What is a metalens and what’s it good for?
A metalens is a cutting-edge optical lens that’s flat and lightweight, replacing traditional bulky curved lenses with a specially designed surface featuring nanoscale structure. Metalens can be used to improve optical system performance and dramatically reduce system size and weight.
A metalens is a single thin, flat structure. In many instances, a single metalens can deliver the same performance as multiple conventional optical components.

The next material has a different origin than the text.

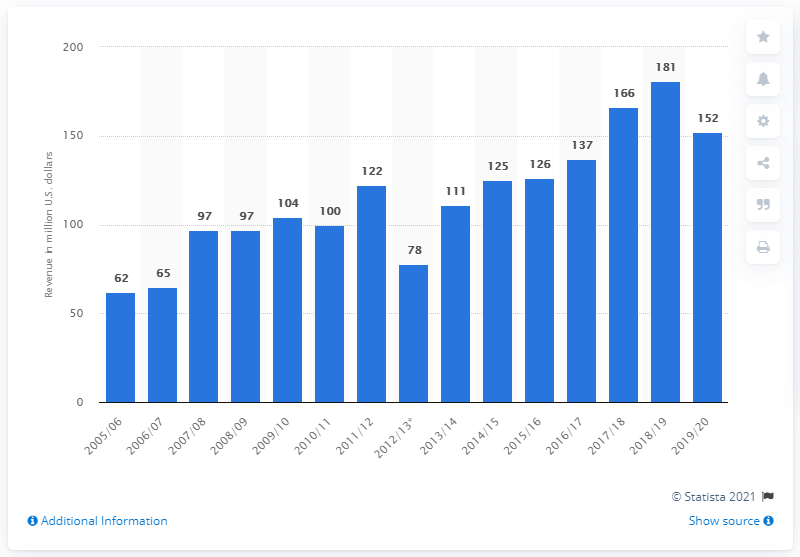Specify some key components in this picture. The revenue of the New Jersey Devils in the 2019/20 season was 152 million dollars.

It includes multiple waveguides in the shape of pillars, approximately 600 nm long, made from various dielectric materials and arranged side by side (Figure 1). The flat planar structure means that all wavelengths of light pass through a metalens simultaneously, resulting in no chromatic aberrations and making them achromatic.
Figure 1. A metalens is a planar array of pillar-shaped waveguides. (Image: Ansys)
While the basic design is achromatic, metalenses can be produced with tunable dispersions and can manipulate how specific various wavelengths (colors) of light are dispersed. Traditional lens designs have fixed dispersions.
Fabricating metalenses
For near-infrared applications, metalenses are often fabricated using a silicon-on-glass substrate. Metalenses for visible wavelengths are primarily fabricated using dielectric materials, such as titanium dioxide (TiO2), gallium nitride (GaN), and silicon nitride (SiN), which have high refractive indices in the visible spectrum.
Metasurfaces can be mass-produced using mature CMOS fabrication nodes readily available in foundries, enabling the wafer-scale integration of metalens-based optical systems. A typical metalens consists of millions of subwavelength unit-cells, also called meta-atoms.
Those meta-atoms can delay the phase of light in a highly controlled and predictable manner, creating the same phase profile as a classic curved lens structure (Figure 2). Meta-atoms typically measure tens of nanometers. For example, metalens designs with SiN nano-posts on a fused silica substrate, and feature widths between 100 nm and 310 nm, can be used for applications in the visible to near-infrared (NIR) wavelength range.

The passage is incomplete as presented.